Static Disassembly

Load a binary
find machine instructions in binary
disassemble into human- or machine readable form

Recursive Disassembly

Starts from known entry points
Recursively follows control flow
Used in many reverse-engineering applications

Dynamic Disassembly

Runtime information can resolve indirect calls, distinguishing data vs code
It allows for execution tracers to dump instructions, memory/register contents
Code coverage problem

Code coverage

test suites

Use known test inputs, manually developed, toincrease code coverage.
Trying to cover as much of the program’s functionality as possible.
Ready-made test suites aren’t always available.
Application specific.

Fuzzing

Automatically generate inputs
Favoring executing lots of tests to heavy duty analysis
Generation-based fuzzer
Mutation-based fuzzer

Symbolic Execution

Execute not with concrete values but symblic values
One exection path will generate a set of constraints
Path explosion

Structuring Disassembled Code and Data

Compartmentalizing

  • Breaking code into logically connected chunks and make it easier to understand the relationship between chunks.
    Revealing control flow
  • Some structures can reveal control flow. Especially in visual representation, it can make it easier to see how control flows through the code and to get a quick idea of what the code does.

Functions

logically connected codes
function detection

  • binaries can be stripped
  • code might be scattered
  • overlapping code blocks
  • Assume functions are contiguous and don’t share code

Based on function signatures:

  • well-known patterns and epilogues
  • vary depending on the platform, compiler and optimization level used.

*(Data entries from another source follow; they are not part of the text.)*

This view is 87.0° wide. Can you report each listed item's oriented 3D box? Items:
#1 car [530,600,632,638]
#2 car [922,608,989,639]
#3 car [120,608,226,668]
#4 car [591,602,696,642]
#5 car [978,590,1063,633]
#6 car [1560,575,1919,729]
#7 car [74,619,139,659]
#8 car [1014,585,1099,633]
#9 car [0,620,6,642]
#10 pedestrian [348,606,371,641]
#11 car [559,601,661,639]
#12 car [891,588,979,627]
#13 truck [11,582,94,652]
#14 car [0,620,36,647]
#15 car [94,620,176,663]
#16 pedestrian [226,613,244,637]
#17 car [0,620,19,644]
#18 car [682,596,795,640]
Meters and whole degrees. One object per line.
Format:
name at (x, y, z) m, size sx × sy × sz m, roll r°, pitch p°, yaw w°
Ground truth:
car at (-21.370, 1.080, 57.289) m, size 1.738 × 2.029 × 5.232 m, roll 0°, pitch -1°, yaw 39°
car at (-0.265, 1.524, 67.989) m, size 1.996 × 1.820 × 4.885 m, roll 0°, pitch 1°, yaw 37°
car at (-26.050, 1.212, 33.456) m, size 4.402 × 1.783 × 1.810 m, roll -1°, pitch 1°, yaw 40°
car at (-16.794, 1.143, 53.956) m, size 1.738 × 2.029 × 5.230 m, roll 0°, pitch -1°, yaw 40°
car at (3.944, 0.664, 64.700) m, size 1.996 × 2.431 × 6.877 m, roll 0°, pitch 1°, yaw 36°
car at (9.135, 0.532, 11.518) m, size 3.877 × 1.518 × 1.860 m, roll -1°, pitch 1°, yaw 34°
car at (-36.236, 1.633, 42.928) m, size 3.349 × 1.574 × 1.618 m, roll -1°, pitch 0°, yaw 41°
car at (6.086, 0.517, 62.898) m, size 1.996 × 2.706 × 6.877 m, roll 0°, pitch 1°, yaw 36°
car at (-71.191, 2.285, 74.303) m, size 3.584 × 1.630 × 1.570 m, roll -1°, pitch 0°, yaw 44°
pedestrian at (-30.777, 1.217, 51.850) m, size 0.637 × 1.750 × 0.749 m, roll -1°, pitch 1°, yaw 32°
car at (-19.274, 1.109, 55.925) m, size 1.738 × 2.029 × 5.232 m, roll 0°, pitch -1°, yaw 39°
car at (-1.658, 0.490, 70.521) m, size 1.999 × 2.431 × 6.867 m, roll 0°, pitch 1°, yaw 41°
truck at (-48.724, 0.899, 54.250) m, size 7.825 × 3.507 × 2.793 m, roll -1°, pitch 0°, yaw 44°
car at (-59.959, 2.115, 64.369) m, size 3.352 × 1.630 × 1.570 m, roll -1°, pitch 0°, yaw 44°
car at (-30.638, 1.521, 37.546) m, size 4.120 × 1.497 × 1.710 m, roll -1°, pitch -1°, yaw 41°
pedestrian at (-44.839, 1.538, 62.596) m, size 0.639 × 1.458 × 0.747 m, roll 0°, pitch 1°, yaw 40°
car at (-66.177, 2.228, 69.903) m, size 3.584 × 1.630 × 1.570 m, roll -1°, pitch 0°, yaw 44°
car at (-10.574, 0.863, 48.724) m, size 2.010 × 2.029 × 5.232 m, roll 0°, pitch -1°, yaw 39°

Use $call$ for function so easy to locate.
Indirect and tail-call function

Control Flow Graph

CFG organize the inernals of a function
automated analysis, manual analysis
graphic representation
basic blocks: 1st instruction is the only entry point, last instruction is the only exit point
call edges are not part of CFG

Call Graph

show relationship between call sites and functions rather than basic blocks
indirect call not shown in call graph

direct call: call the specific funtion or address
indirect call: call the address stored in a register.